Microsoft Silverlight will reach end of support after October 2021. Learn more.

Specifies the precise timing when a particular key frame should take place during the relative course of an animation.

<object property="keyTimeString"  .../>
object.property="keyTimeString"

keyTimeString Grammar

Type

Grammar

Example

Example result

Time span

[days.]hours:minutes:seconds[.fractionalSeconds]

"0:0:15"

When used as a KeyTime, specifies a key time for a frame at 15 seconds.

  • In the grammar above, square brackets ([]) indicate optional values; the brackets are not literals. The colon (:) and period (.) characters are both literals.

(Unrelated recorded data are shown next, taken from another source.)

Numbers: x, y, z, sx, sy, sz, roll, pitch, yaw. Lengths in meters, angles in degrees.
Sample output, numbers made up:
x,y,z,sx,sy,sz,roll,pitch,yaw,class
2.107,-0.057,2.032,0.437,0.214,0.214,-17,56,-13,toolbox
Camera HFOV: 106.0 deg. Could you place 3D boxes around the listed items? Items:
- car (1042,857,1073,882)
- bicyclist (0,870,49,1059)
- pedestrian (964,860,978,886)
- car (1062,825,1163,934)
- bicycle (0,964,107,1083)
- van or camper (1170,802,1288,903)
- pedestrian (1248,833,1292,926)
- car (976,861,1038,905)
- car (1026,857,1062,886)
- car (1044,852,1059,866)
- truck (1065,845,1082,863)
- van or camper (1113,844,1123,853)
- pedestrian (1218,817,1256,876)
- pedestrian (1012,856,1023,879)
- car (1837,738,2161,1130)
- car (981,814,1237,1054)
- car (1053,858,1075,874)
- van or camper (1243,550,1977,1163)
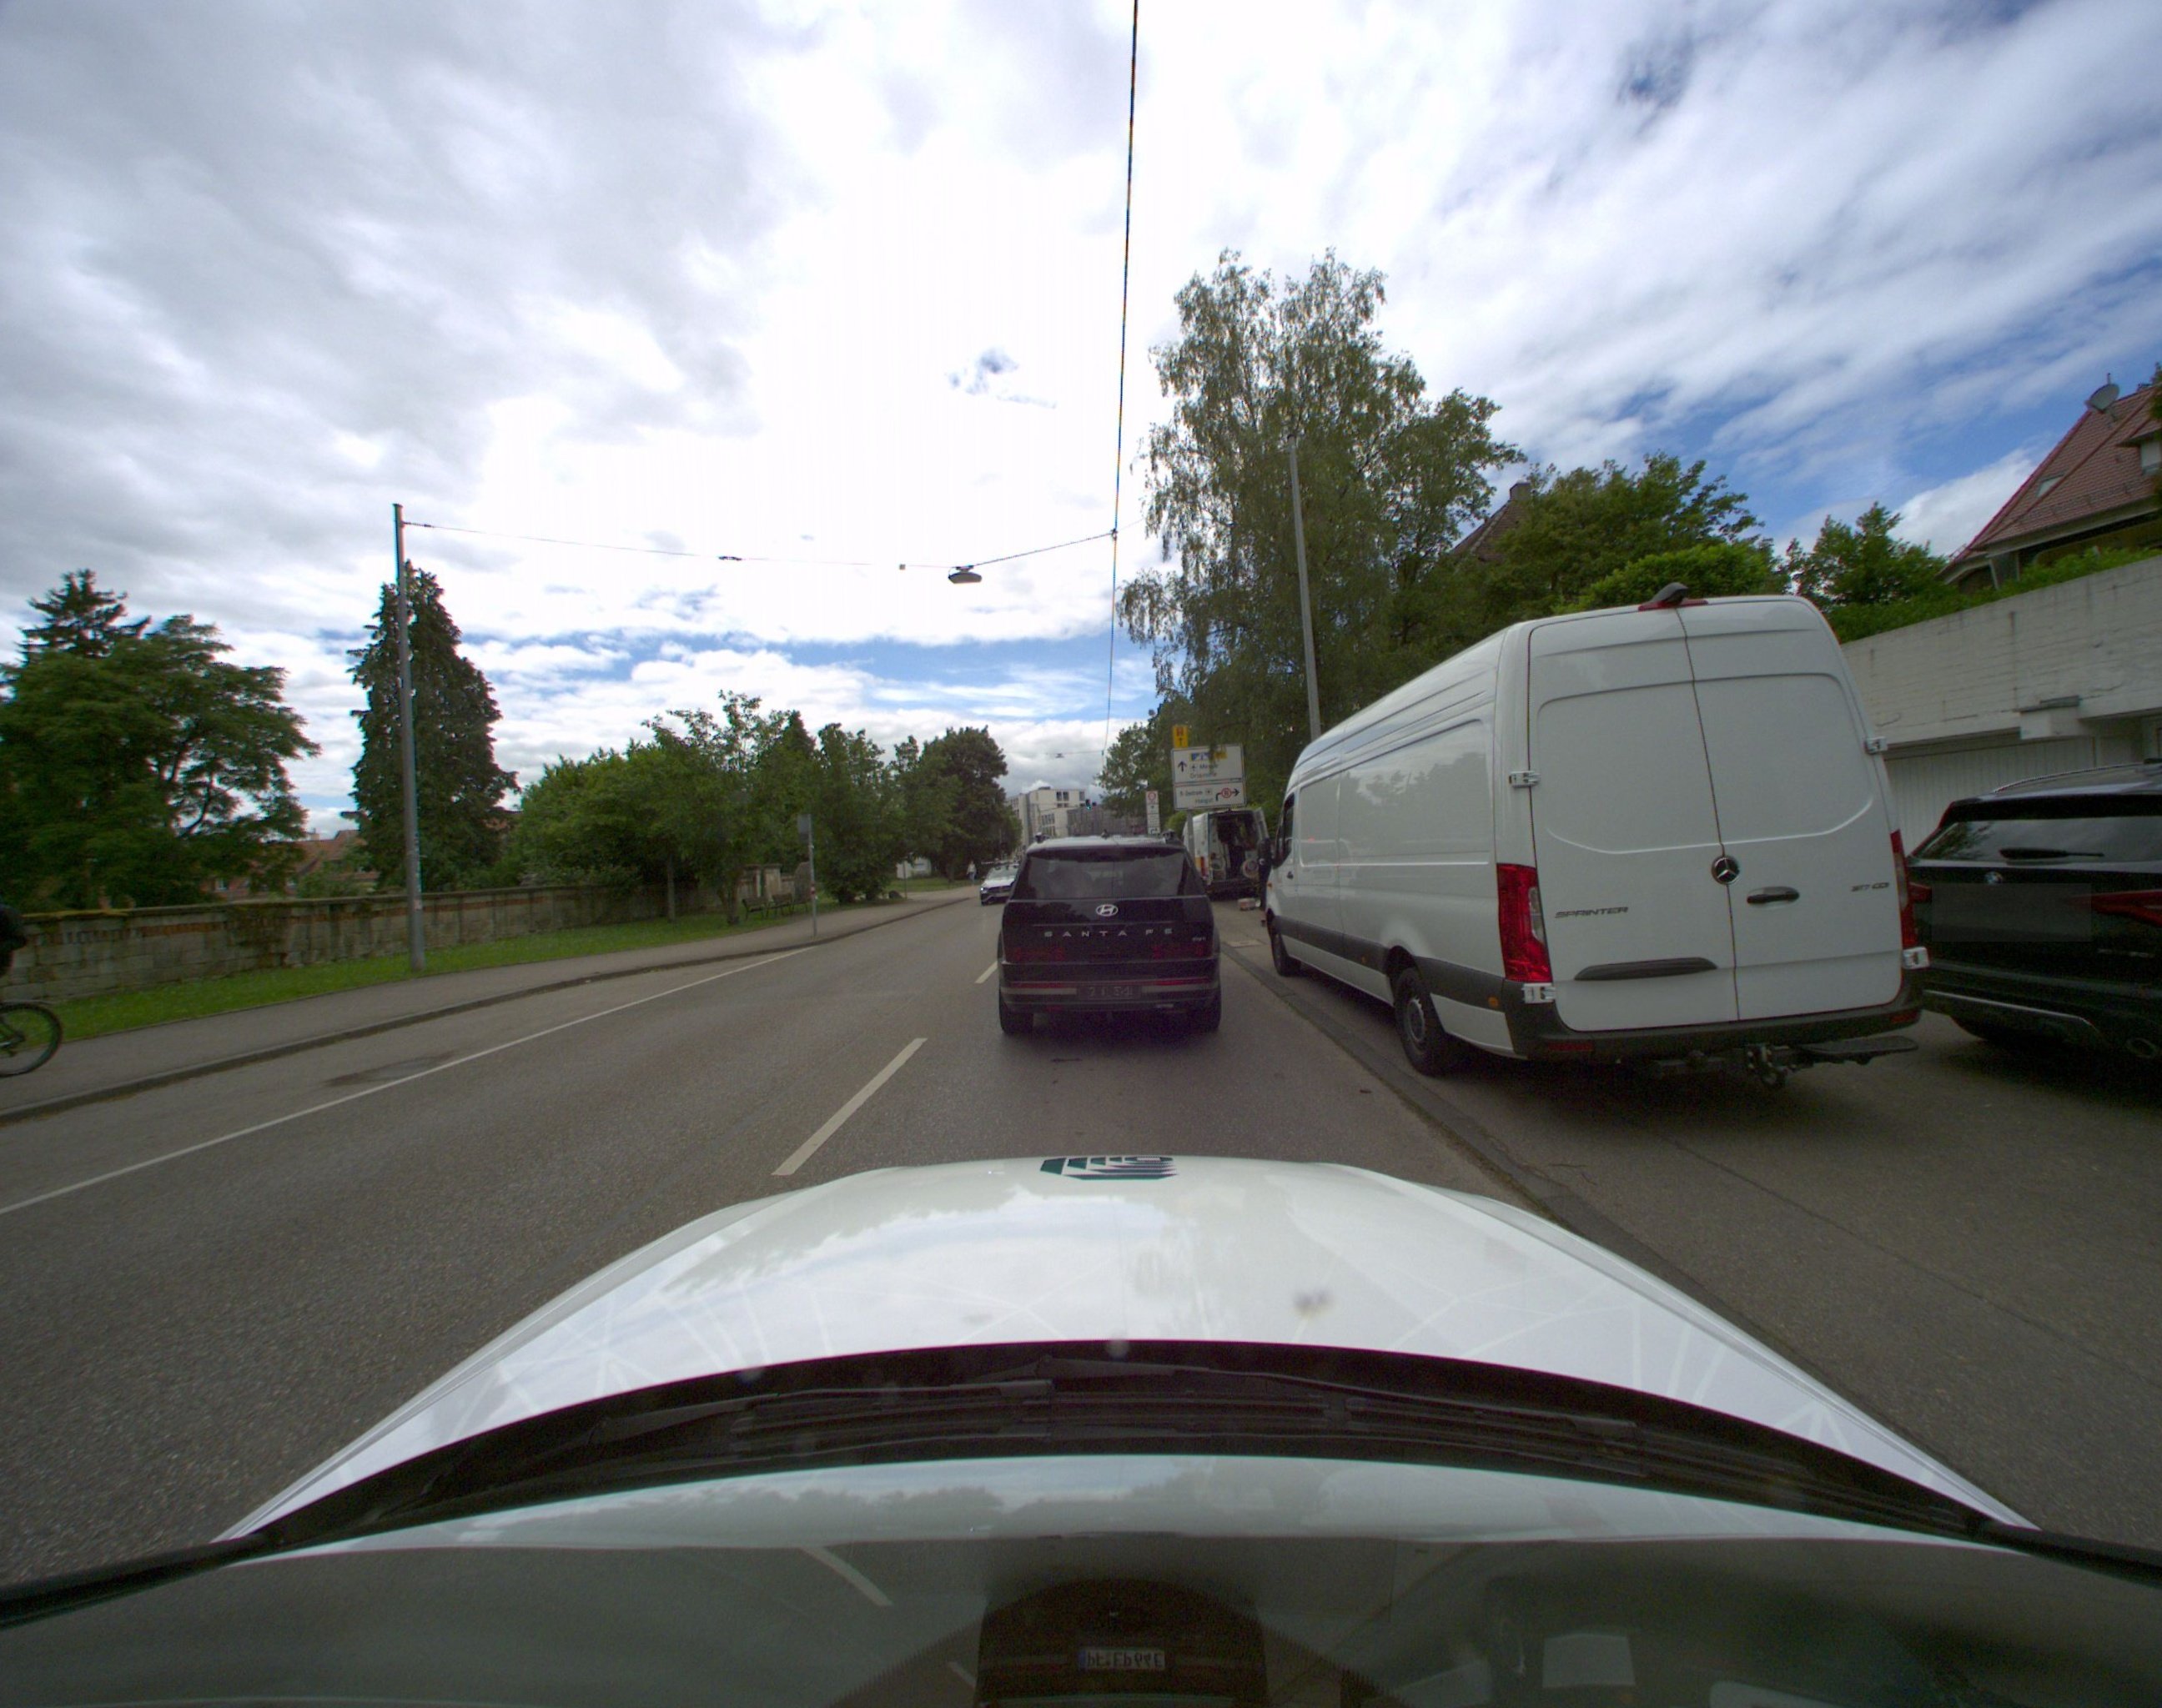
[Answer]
x,y,z,sx,sy,sz,roll,pitch,yaw,class
-1.699,1.108,60.475,1.873,1.644,4.129,-5,-1,1,car
-9.896,0.993,7.307,0.486,1.684,0.588,0,-1,1,bicyclist
-7.590,1.281,56.099,0.764,1.748,0.904,-2,-1,0,pedestrian
0.650,0.498,17.316,1.890,2.042,3.995,0,-1,2,car
-9.897,1.562,7.168,0.493,0.964,1.749,0,-1,2,bicycle
4.350,0.016,25.297,2.332,2.494,6.603,-6,-1,1,van or camper
3.588,0.474,15.464,0.784,1.721,0.755,-1,-1,13,pedestrian
-2.807,1.064,31.679,1.750,1.403,4.416,-5,-1,2,car
-2.107,0.997,47.487,1.695,1.483,4.001,-5,-1,2,car
-5.224,0.871,144.549,2.328,2.315,4.950,-3,0,-4,car
-1.863,0.014,184.919,3.102,3.859,9.606,-3,0,-4,truck
7.759,-1.160,172.568,1.791,1.999,3.821,0,-1,-2,van or camper
4.586,-0.219,23.964,0.791,1.643,0.743,-5,-1,27,pedestrian
-5.844,1.225,74.552,0.826,2.014,1.048,0,-1,4,pedestrian
6.792,0.209,4.034,4.365,1.675,1.696,-4,-1,2,car
0.269,0.612,8.046,1.890,1.776,3.995,0,-1,2,car
-1.708,1.175,83.298,1.808,1.419,4.830,-6,-1,1,car
3.070,0.035,7.018,1.984,2.625,6.546,-6,-1,2,van or camper

  • Values for hours can be any integer value from 0 through 23. Values for minutes and seconds can be any integer value from 0 through 59. The value for days can be very large, but it does have an unspecified upper bound. The decimal value for fractionalSeconds (with the decimal point included) must be between 0 and 1.

Managed Equivalent

KeyTime

Remarks

You can creating a Duration, KeyTime, RepeatBehavior, or TimeSpan object in XAML or in script only through a type conversion syntax when you set a property (such as KeyTime (ColorKeyFrame)) that takes one of these types, with the value specified as a string. The string format for specifying a time in each of these types is identical.

The main scenario for working with a KeyTime as an object in script is to get or set its Seconds property to query or change an existing animation value.

The typical time span is in seconds. Therefore, the KeyTime string would include preceding 0 values for hours and minutes, along with the appropriate literal characters—colons (:) and periods (.)—as separators between hours, minutes, seconds, and fractions of seconds. For example, to specify a KeyTime of 5 seconds, you would set the KeyTime string to "0:0:5" ("0:0:05" is equivalent).

Important noteImportant Note:

If you specify a KeyTime by an integer without any time span literal characters—colons (:) or periods (.)—the integer will be interpreted only as a number of days. This is seldom the intended result and will typically cause the KeyTime to be unexpectedly large.